I had a funny feeling like he could be right.

"You're out of your depth, Horner. You're playing with the big boys. And it ain't healthy."

From what I could remember of my schooldays he was correct. Whenever I played with the big boys I always wound up having the stuffing beaten out of me. But how did O'Grady - how could O'Grady have known that? Then I remembered something else.

O'Grady was the one that used to beat me up the most.

* * *

It was time for what we in the profession call 'legwork'.I made a few discreet enquiries around town, but found out nothing about Dumpty that I didn't know already.

Humpty Dumpty was a bad egg. I remembered him when he was new in town, a smart young animal trainer with a nice line in training mice to run up clocks. He went to the bad pretty fast though; gambling, drink, women, it's the same story all over. A bright young kid thinks that the streets of Nurseryland are paved with gold, and by the time he finds out otherwise it's much too late.
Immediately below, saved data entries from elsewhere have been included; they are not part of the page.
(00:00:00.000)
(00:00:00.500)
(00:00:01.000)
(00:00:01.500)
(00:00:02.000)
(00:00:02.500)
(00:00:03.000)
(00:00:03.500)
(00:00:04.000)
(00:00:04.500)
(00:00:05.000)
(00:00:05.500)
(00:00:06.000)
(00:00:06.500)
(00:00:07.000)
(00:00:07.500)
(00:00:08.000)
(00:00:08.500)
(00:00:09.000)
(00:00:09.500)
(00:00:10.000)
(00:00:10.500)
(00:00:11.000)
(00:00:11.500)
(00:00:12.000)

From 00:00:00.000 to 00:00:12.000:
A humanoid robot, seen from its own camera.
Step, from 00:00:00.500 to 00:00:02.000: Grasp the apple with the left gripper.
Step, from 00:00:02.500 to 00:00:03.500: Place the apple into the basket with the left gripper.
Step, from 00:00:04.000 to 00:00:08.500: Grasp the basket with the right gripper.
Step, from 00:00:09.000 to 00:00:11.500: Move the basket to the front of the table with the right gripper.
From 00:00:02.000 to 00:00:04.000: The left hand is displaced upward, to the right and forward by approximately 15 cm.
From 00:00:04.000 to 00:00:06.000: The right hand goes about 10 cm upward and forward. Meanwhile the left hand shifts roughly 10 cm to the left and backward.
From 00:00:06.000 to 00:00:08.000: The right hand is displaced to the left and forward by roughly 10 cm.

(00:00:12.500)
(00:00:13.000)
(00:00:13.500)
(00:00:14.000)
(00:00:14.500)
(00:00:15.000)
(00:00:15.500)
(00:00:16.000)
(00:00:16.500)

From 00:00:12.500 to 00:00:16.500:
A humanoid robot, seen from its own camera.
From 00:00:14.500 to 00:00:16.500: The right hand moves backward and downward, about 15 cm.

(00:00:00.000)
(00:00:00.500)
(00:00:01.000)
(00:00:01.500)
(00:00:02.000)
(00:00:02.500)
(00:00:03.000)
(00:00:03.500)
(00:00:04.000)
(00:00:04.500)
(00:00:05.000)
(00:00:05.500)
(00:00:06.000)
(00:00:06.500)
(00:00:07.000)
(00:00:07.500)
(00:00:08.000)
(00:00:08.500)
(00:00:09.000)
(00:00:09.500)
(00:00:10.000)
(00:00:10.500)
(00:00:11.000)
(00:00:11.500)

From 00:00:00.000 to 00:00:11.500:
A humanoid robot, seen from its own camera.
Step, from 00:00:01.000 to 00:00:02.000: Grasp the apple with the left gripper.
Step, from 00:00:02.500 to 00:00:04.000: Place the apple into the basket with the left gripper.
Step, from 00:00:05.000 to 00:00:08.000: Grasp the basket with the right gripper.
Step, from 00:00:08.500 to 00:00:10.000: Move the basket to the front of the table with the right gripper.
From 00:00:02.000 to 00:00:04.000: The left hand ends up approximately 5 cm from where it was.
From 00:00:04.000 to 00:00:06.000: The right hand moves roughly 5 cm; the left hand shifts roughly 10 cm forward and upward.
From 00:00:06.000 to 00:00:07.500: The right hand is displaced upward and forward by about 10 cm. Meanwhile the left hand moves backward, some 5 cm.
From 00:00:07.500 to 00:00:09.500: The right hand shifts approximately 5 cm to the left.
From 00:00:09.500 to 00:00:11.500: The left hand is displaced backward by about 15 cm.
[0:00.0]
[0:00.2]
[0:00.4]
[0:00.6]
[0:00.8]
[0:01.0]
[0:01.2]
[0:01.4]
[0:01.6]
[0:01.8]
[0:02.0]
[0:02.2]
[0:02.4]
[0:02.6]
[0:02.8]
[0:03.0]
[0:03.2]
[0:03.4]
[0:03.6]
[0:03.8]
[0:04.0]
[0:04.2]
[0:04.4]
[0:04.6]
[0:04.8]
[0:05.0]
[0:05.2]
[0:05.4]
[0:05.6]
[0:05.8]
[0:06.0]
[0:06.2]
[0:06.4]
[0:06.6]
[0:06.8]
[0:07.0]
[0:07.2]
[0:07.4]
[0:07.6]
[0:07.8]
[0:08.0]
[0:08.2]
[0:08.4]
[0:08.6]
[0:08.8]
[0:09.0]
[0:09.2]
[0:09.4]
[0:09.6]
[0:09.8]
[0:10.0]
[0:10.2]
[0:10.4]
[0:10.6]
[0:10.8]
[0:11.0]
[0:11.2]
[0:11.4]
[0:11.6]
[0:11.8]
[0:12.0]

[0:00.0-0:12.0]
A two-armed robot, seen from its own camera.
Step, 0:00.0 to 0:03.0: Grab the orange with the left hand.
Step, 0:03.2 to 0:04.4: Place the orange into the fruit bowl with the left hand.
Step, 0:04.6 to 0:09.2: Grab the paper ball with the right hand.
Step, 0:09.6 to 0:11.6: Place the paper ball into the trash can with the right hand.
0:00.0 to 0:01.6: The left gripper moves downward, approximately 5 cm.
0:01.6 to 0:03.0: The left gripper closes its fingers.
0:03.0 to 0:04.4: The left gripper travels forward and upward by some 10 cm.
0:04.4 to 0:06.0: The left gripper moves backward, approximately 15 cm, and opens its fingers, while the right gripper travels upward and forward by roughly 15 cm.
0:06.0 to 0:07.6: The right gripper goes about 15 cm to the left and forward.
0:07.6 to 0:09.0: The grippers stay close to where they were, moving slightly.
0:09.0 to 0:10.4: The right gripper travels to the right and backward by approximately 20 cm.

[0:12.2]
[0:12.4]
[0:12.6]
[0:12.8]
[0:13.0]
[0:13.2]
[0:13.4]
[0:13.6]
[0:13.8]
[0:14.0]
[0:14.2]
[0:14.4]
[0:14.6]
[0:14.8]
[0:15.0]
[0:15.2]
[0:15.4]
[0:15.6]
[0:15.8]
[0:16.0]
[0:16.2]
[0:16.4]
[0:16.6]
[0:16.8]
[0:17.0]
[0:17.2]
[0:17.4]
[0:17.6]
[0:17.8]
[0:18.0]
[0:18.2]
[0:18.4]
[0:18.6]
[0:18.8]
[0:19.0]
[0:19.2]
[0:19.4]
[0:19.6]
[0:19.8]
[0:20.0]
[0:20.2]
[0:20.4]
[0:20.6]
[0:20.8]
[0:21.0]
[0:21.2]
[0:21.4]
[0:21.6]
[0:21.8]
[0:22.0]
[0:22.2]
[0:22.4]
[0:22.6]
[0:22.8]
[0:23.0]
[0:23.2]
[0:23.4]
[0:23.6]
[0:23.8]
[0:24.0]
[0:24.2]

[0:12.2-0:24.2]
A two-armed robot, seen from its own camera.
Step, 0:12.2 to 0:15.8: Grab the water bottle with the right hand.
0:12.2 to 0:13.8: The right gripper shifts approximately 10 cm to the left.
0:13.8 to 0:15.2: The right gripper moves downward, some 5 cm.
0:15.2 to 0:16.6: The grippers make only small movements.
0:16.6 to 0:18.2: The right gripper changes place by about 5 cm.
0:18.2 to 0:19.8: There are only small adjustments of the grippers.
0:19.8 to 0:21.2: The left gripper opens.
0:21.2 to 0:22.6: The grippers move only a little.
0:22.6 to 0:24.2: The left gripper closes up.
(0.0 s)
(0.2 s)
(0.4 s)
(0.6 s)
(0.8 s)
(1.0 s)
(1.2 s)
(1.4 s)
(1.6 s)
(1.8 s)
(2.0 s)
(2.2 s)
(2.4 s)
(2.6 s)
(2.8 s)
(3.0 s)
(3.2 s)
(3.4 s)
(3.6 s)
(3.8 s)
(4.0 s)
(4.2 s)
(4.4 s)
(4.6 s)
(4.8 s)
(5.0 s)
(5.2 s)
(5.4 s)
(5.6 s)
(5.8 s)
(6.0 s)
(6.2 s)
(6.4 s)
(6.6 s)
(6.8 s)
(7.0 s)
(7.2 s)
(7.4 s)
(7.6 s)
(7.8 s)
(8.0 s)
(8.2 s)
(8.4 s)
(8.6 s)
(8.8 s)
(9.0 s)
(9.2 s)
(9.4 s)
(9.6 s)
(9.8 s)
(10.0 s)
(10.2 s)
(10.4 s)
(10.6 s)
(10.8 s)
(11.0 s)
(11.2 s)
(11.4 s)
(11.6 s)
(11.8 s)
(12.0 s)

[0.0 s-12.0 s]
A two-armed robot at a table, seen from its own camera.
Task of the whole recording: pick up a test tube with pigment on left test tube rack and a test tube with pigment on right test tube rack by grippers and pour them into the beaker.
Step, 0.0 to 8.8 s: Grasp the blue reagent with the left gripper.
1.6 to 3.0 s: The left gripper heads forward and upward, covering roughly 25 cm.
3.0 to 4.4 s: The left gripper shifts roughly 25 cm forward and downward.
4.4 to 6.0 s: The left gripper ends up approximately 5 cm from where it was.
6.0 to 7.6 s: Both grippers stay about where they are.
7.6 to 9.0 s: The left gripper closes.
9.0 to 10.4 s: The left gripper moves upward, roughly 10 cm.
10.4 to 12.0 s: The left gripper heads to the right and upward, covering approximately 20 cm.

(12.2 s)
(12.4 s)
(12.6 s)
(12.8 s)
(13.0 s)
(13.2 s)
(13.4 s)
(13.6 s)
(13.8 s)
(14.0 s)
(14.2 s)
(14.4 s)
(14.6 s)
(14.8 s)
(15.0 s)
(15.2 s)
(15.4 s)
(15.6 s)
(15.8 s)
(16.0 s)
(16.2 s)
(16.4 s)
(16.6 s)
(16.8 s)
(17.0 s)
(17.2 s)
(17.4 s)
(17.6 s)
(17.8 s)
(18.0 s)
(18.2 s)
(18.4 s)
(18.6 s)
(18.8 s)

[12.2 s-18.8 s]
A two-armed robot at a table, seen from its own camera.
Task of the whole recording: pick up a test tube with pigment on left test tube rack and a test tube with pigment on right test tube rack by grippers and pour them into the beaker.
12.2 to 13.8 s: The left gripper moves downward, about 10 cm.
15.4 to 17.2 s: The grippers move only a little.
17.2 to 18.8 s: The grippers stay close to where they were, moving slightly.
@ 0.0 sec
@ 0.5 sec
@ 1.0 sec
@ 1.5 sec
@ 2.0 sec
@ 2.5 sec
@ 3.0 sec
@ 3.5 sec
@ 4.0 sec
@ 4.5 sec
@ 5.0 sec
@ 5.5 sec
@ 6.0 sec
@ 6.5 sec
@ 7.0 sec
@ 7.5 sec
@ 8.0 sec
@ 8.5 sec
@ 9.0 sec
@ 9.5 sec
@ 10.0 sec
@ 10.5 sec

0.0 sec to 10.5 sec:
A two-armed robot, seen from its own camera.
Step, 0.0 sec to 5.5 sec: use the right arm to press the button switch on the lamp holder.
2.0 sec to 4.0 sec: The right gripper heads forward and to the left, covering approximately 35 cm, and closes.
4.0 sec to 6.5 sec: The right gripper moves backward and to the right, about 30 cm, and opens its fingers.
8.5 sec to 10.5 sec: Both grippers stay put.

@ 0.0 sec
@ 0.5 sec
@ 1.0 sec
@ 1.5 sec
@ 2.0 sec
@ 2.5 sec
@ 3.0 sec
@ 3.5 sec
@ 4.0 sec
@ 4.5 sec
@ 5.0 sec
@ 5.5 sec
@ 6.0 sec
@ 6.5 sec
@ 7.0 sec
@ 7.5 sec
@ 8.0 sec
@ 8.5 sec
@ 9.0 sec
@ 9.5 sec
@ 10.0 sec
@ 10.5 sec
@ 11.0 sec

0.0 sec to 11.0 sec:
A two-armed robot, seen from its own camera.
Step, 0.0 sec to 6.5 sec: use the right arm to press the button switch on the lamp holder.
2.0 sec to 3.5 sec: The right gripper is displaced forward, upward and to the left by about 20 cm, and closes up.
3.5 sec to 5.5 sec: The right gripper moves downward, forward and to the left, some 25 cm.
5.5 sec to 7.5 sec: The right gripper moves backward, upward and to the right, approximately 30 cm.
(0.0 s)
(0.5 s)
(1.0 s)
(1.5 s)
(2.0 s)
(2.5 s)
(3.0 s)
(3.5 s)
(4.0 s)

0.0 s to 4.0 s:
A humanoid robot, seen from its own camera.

Dumpty started off with extortions and robbery on a small scale - he trained up a team of spiders to scare little girls away from their curds and whey, which he'd pick up and sell on the black market. Then he moved onto blackmail -- the nastiest game. We crossed paths once, when I was hired by this young society kid - let's call him Georgie Porgie - to recover some compromising snaps of him kissing the girls and making them cry. I got the snaps, but I learned it wasn't healthy to mess with the Fat Man. And I don't make the same mistakes twice. Hell, in my line of work I can't afford to make the same mistakes once.